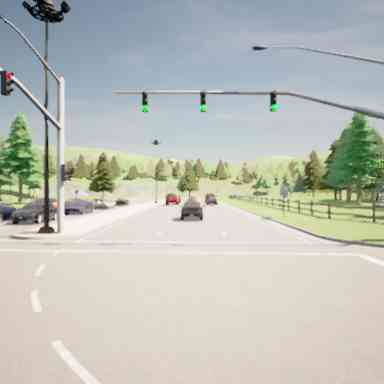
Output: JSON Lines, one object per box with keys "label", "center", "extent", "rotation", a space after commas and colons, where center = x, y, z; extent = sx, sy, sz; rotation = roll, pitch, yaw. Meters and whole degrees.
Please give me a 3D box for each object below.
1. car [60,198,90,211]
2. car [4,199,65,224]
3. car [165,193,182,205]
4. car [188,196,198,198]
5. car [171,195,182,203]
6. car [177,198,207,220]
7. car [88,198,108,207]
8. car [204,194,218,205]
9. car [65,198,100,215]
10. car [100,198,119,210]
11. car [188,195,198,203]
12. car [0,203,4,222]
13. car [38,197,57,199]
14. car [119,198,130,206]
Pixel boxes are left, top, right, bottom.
{"label": "car", "center": [-15.077, 1.510, 43.132], "extent": [2.128, 1.511, 4.902], "rotation": [0, 0, 0]}
{"label": "car", "center": [-11.602, 1.515, 24.916], "extent": [1.837, 1.490, 4.892], "rotation": [0, 0, 0]}
{"label": "car", "center": [-3.469, 1.246, 58.361], "extent": [2.150, 2.045, 5.566], "rotation": [0, 0, 1]}
{"label": "car", "center": [0.034, 1.502, 58.744], "extent": [1.882, 1.535, 5.008], "rotation": [0, 0, 1]}
{"label": "car", "center": [-3.248, 1.454, 69.106], "extent": [1.882, 1.535, 5.008], "rotation": [0, 0, 2]}
{"label": "car", "center": [-0.003, 1.516, 27.724], "extent": [1.837, 1.490, 4.892], "rotation": [0, 0, 0]}
{"label": "car", "center": [-15.003, 1.623, 53.275], "extent": [1.895, 1.301, 4.718], "rotation": [0, 0, 0]}
{"label": "car", "center": [3.530, 1.572, 58.328], "extent": [2.033, 1.411, 5.357], "rotation": [0, 0, 1]}
{"label": "car", "center": [-11.602, 1.562, 34.654], "extent": [2.033, 1.411, 5.357], "rotation": [0, 0, 0]}
{"label": "car", "center": [-11.582, 1.619, 44.239], "extent": [1.895, 1.301, 4.718], "rotation": [0, 0, 1]}
{"label": "car", "center": [0.251, 1.498, 69.014], "extent": [2.128, 1.511, 4.902], "rotation": [0, 0, 2]}
{"label": "car", "center": [-15.091, 1.575, 25.747], "extent": [1.994, 1.385, 4.181], "rotation": [0, 0, 1]}
{"label": "car", "center": [-15.097, 1.366, 34.254], "extent": [2.097, 1.767, 4.553], "rotation": [0, 0, 0]}
{"label": "car", "center": [-11.503, 1.624, 54.431], "extent": [1.895, 1.301, 4.718], "rotation": [0, 0, 0]}

# Activity:
With the pictures left aside, set down each entry above exactly as it stands.

# Reply:
Output: JSON Lines, one object per box with keys "label", "center", "extent", "rotation", a space after commas and colons, where center = x, y, z; extent = sx, sy, sz; rotation = roll, pitch, yaw. Meters and whole degrees.
Please give me a 3D box for each object below.
1. car [60,198,90,211]
2. car [4,199,65,224]
3. car [165,193,182,205]
4. car [188,196,198,198]
5. car [171,195,182,203]
6. car [177,198,207,220]
7. car [88,198,108,207]
8. car [204,194,218,205]
9. car [65,198,100,215]
10. car [100,198,119,210]
11. car [188,195,198,203]
12. car [0,203,4,222]
13. car [38,197,57,199]
14. car [119,198,130,206]
Pixel boxes are left, top, right, bottom.
{"label": "car", "center": [-15.077, 1.510, 43.132], "extent": [2.128, 1.511, 4.902], "rotation": [0, 0, 0]}
{"label": "car", "center": [-11.602, 1.515, 24.916], "extent": [1.837, 1.490, 4.892], "rotation": [0, 0, 0]}
{"label": "car", "center": [-3.469, 1.246, 58.361], "extent": [2.150, 2.045, 5.566], "rotation": [0, 0, 1]}
{"label": "car", "center": [0.034, 1.502, 58.744], "extent": [1.882, 1.535, 5.008], "rotation": [0, 0, 1]}
{"label": "car", "center": [-3.248, 1.454, 69.106], "extent": [1.882, 1.535, 5.008], "rotation": [0, 0, 2]}
{"label": "car", "center": [-0.003, 1.516, 27.724], "extent": [1.837, 1.490, 4.892], "rotation": [0, 0, 0]}
{"label": "car", "center": [-15.003, 1.623, 53.275], "extent": [1.895, 1.301, 4.718], "rotation": [0, 0, 0]}
{"label": "car", "center": [3.530, 1.572, 58.328], "extent": [2.033, 1.411, 5.357], "rotation": [0, 0, 1]}
{"label": "car", "center": [-11.602, 1.562, 34.654], "extent": [2.033, 1.411, 5.357], "rotation": [0, 0, 0]}
{"label": "car", "center": [-11.582, 1.619, 44.239], "extent": [1.895, 1.301, 4.718], "rotation": [0, 0, 1]}
{"label": "car", "center": [0.251, 1.498, 69.014], "extent": [2.128, 1.511, 4.902], "rotation": [0, 0, 2]}
{"label": "car", "center": [-15.091, 1.575, 25.747], "extent": [1.994, 1.385, 4.181], "rotation": [0, 0, 1]}
{"label": "car", "center": [-15.097, 1.366, 34.254], "extent": [2.097, 1.767, 4.553], "rotation": [0, 0, 0]}
{"label": "car", "center": [-11.503, 1.624, 54.431], "extent": [1.895, 1.301, 4.718], "rotation": [0, 0, 0]}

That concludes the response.